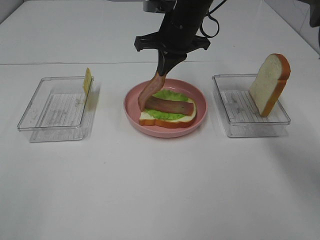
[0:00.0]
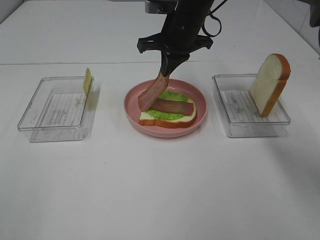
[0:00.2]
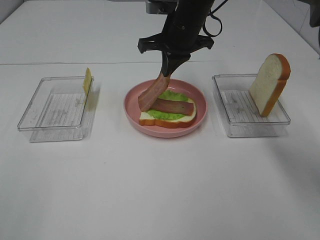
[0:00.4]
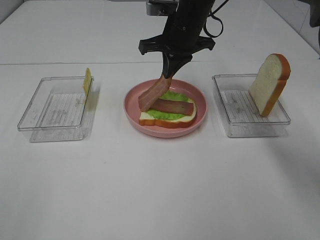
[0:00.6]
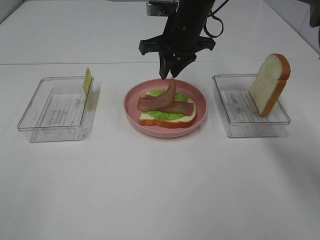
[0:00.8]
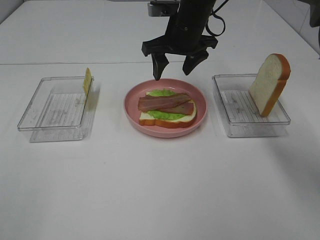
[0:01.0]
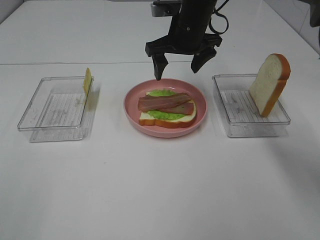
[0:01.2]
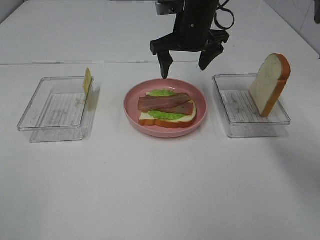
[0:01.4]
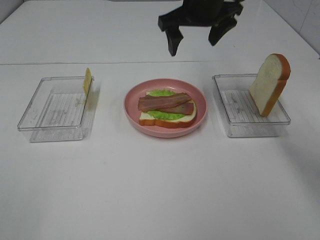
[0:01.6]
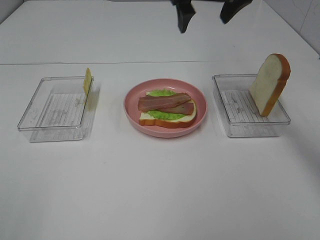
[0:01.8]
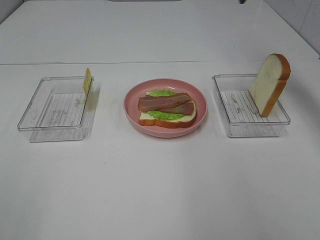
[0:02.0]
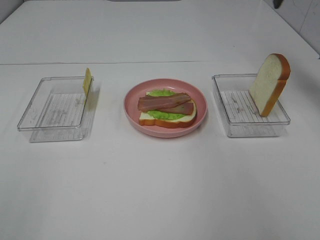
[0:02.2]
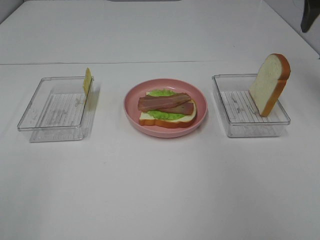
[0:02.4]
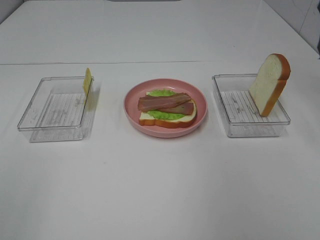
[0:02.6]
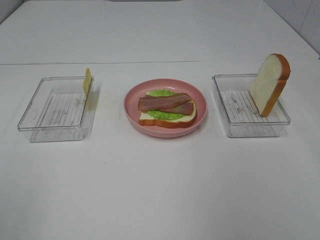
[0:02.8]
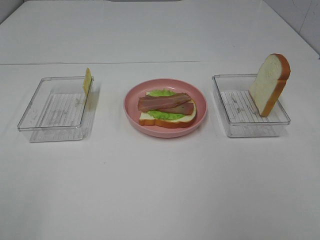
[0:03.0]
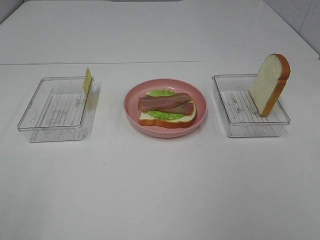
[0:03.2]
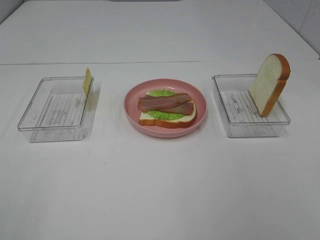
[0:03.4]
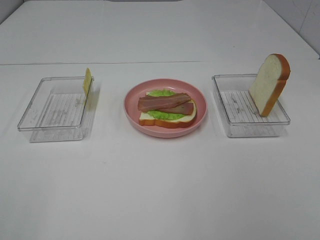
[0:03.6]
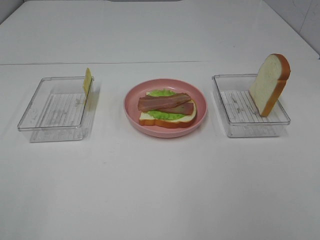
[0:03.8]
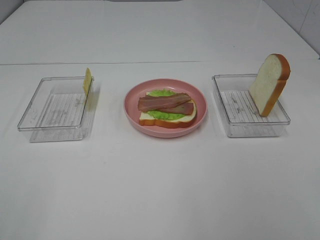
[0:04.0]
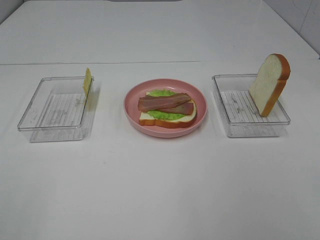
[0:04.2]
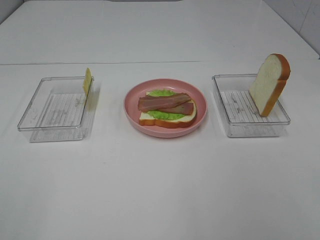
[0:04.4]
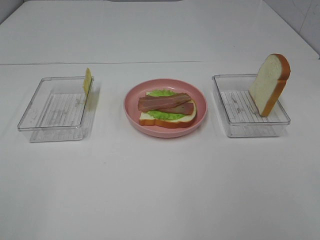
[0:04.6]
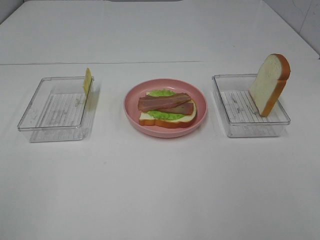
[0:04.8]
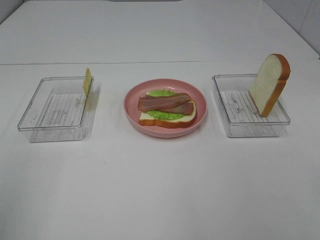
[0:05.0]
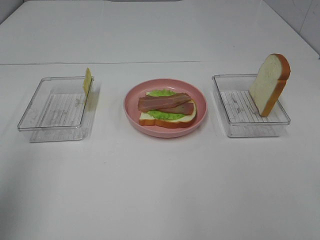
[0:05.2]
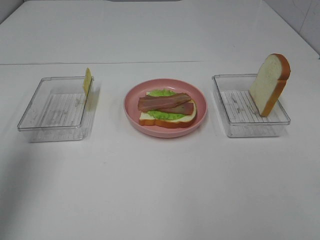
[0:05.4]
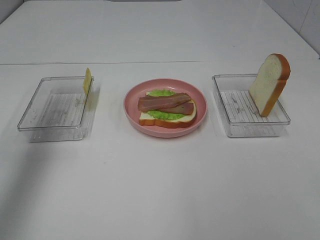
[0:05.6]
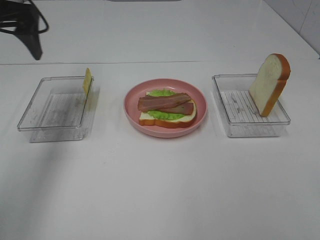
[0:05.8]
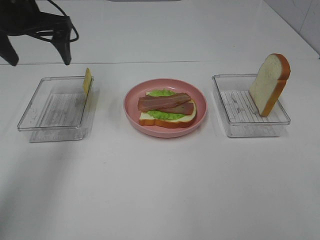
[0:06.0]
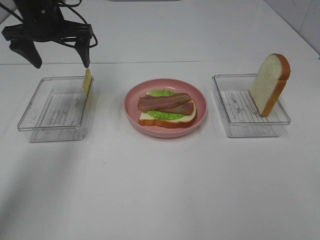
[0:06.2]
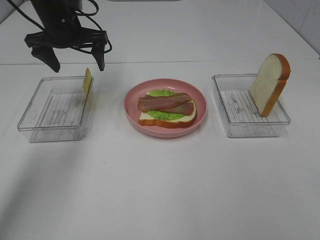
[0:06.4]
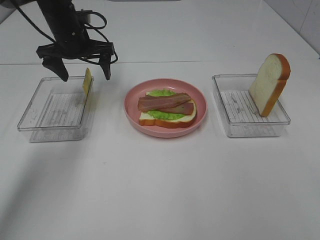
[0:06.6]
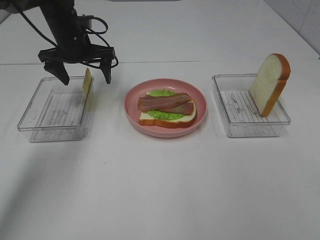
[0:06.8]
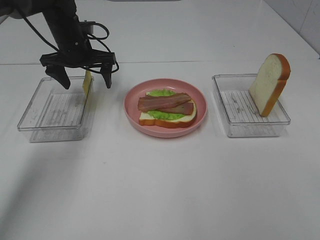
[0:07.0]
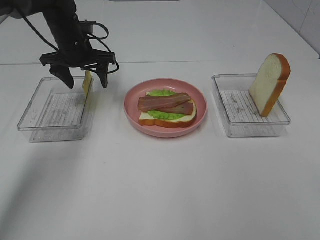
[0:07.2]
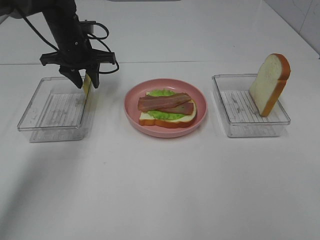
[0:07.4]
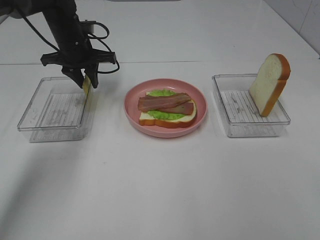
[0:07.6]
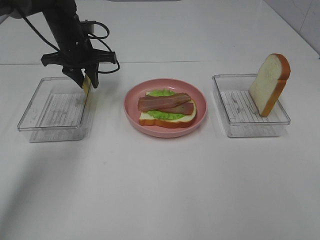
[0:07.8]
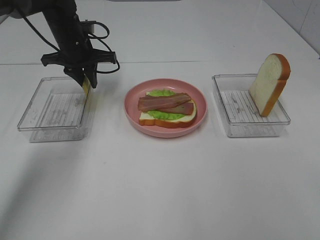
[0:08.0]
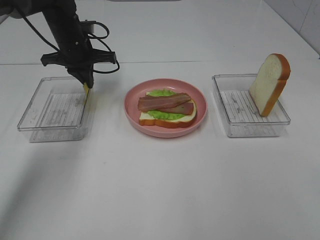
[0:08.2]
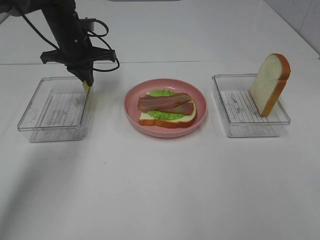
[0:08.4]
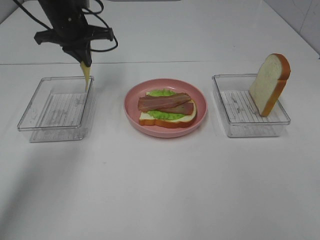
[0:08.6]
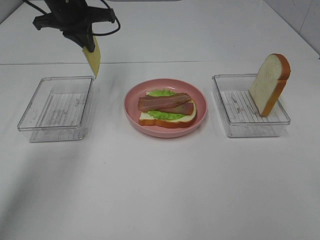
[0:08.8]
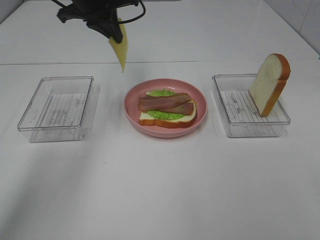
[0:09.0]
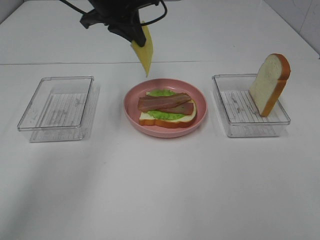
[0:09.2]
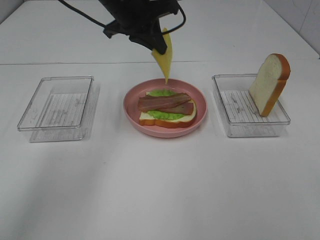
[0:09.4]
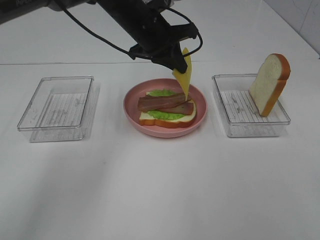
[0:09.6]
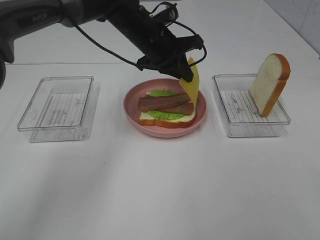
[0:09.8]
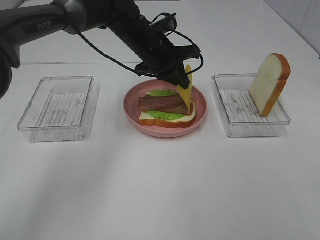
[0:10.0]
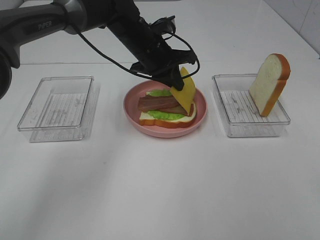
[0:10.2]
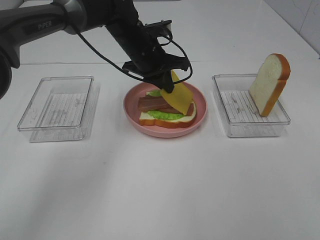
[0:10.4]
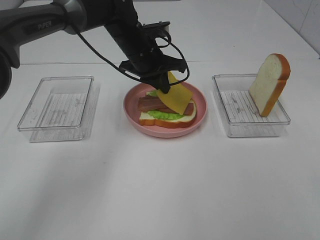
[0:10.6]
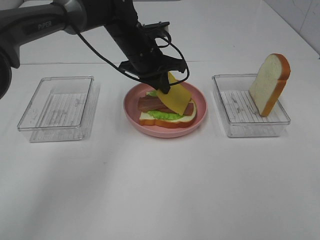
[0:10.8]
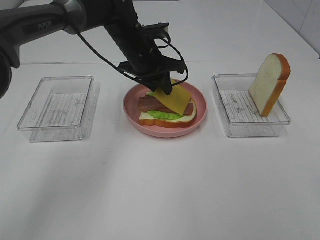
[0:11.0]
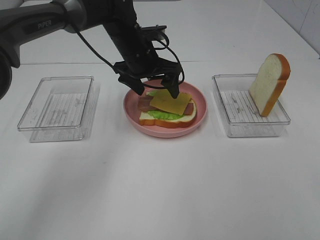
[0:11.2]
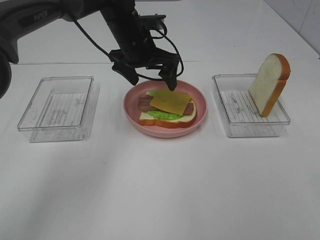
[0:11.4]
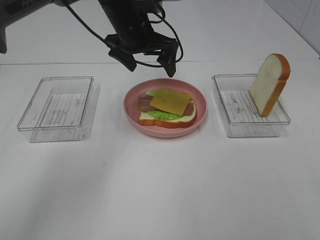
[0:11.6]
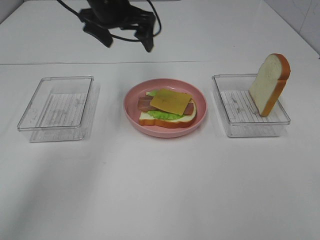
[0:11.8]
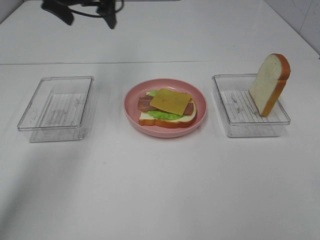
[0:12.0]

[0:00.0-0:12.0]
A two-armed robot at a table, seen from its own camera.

--*--

- Problem description:
Above are records to transcribe exactly; leave their pictures out.

- Result for this exercise:
[0:00.0]
[0:00.2]
[0:00.4]
[0:00.6]
[0:00.8]
[0:01.0]
[0:01.2]
[0:01.4]
[0:01.6]
[0:01.8]
[0:02.0]
[0:02.2]
[0:02.4]
[0:02.6]
[0:02.8]
[0:03.0]
[0:03.2]
[0:03.4]
[0:03.6]
[0:03.8]
[0:04.0]
[0:04.2]
[0:04.4]
[0:04.6]
[0:04.8]
[0:05.0]
[0:05.2]
[0:05.4]
[0:05.6]
[0:05.8]
[0:06.0]
[0:06.2]
[0:06.4]
[0:06.6]
[0:06.8]
[0:07.0]
[0:07.2]
[0:07.4]
[0:07.6]
[0:07.8]
[0:08.0]
[0:08.2]
[0:08.4]
[0:08.6]
[0:08.8]
[0:09.0]
[0:09.2]
[0:09.4]
[0:09.6]
[0:09.8]
[0:10.0]
[0:10.2]
[0:10.4]
[0:10.6]
[0:10.8]
[0:11.0]
[0:11.2]
[0:11.4]
[0:11.6]
[0:11.8]
[0:12.0]

[0:00.0-0:12.0]
A two-armed robot at a table, seen from its own camera.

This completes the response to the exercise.